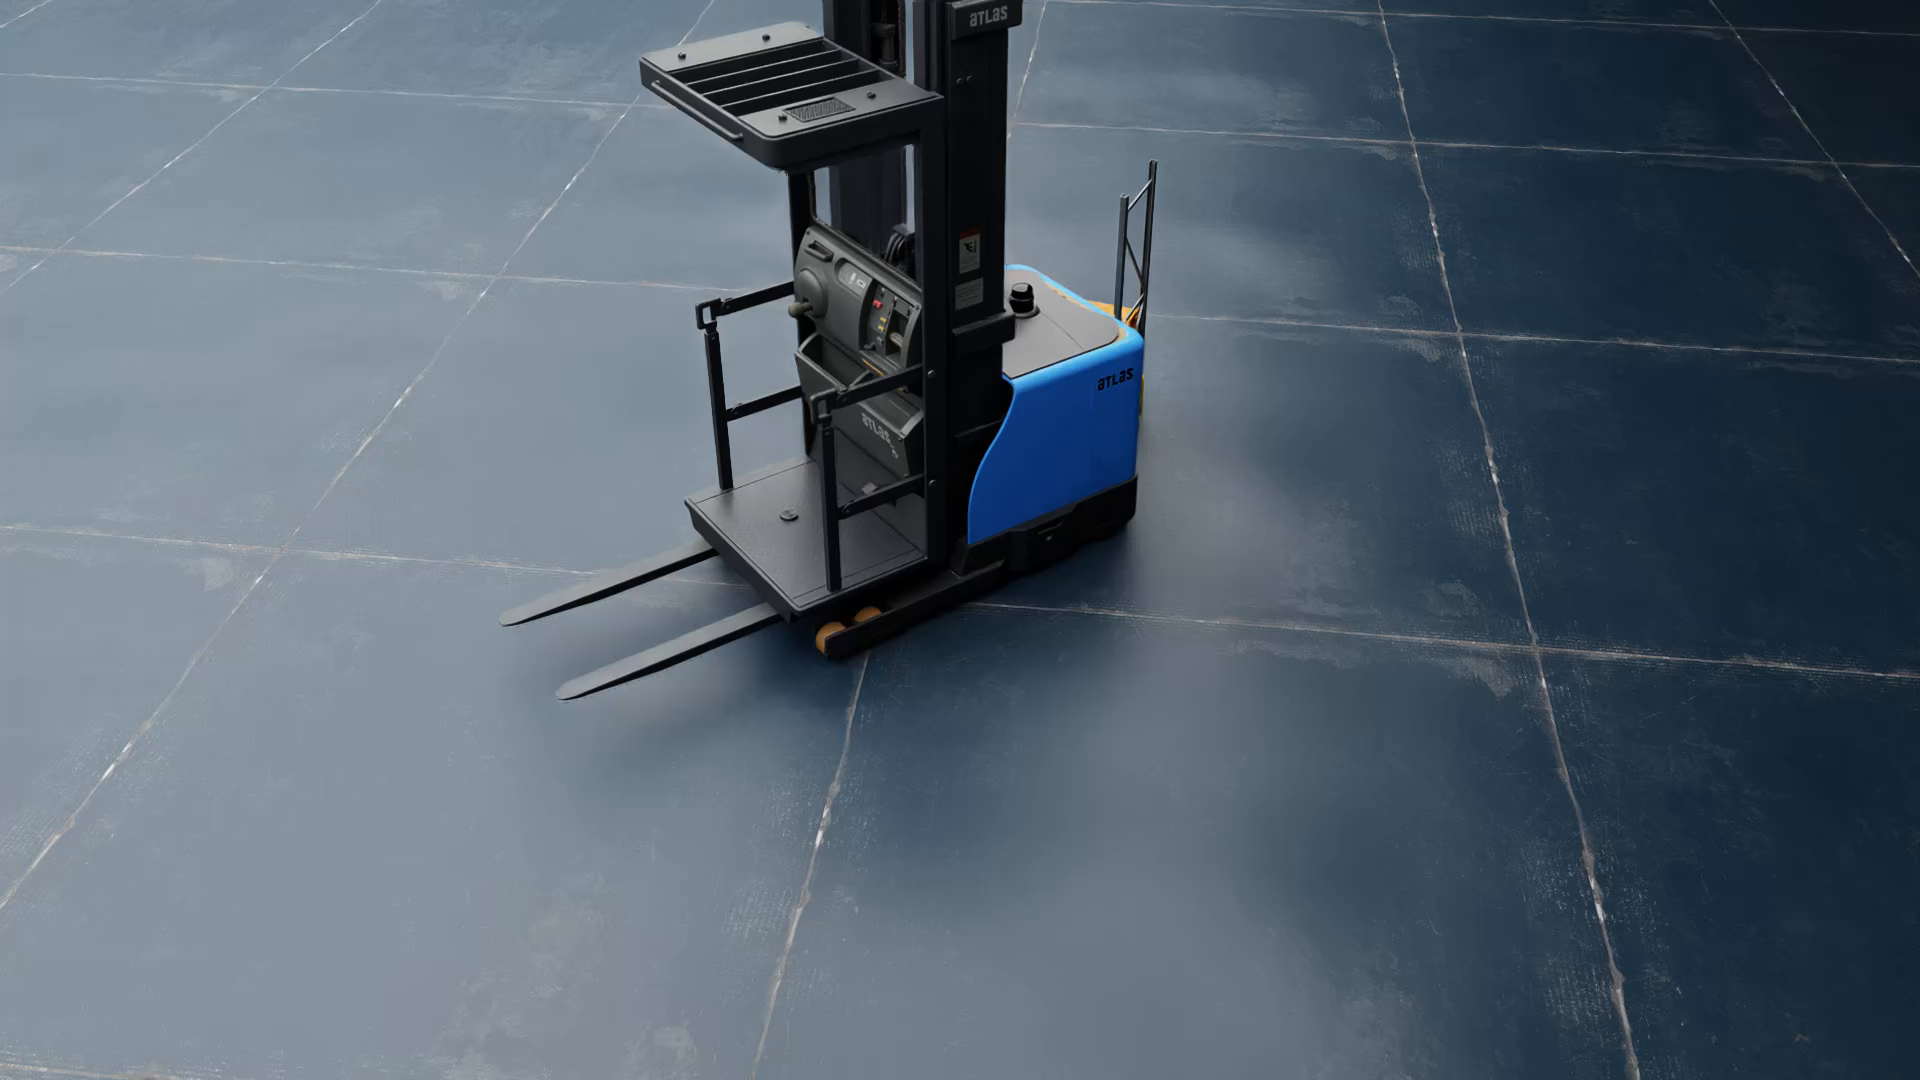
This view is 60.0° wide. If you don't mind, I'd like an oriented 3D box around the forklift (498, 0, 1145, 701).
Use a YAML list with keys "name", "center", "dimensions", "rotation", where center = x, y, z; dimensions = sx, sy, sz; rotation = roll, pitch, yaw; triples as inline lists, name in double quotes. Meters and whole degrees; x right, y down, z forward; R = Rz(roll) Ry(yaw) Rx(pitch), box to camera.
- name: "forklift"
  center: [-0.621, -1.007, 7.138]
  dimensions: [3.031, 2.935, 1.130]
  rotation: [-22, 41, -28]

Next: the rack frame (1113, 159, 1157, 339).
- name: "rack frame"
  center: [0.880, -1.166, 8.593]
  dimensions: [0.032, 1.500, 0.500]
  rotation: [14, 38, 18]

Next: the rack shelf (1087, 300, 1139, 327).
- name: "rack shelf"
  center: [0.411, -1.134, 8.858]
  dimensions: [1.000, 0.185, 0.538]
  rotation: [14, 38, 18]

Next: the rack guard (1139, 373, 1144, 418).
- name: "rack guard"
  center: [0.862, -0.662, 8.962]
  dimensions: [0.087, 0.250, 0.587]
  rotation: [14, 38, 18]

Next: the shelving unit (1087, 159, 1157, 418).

**Try it**
The lines from the one holding "Next: the rack frame (1113, 159, 1157, 339)." to the final line of the entries, both included, are what should be output, exactly and alone.

**Written solution**
Next: the rack frame (1113, 159, 1157, 339).
- name: "rack frame"
  center: [0.880, -1.166, 8.593]
  dimensions: [0.032, 1.500, 0.500]
  rotation: [14, 38, 18]

Next: the rack shelf (1087, 300, 1139, 327).
- name: "rack shelf"
  center: [0.411, -1.134, 8.858]
  dimensions: [1.000, 0.185, 0.538]
  rotation: [14, 38, 18]

Next: the rack guard (1139, 373, 1144, 418).
- name: "rack guard"
  center: [0.862, -0.662, 8.962]
  dimensions: [0.087, 0.250, 0.587]
  rotation: [14, 38, 18]

Next: the shelving unit (1087, 159, 1157, 418).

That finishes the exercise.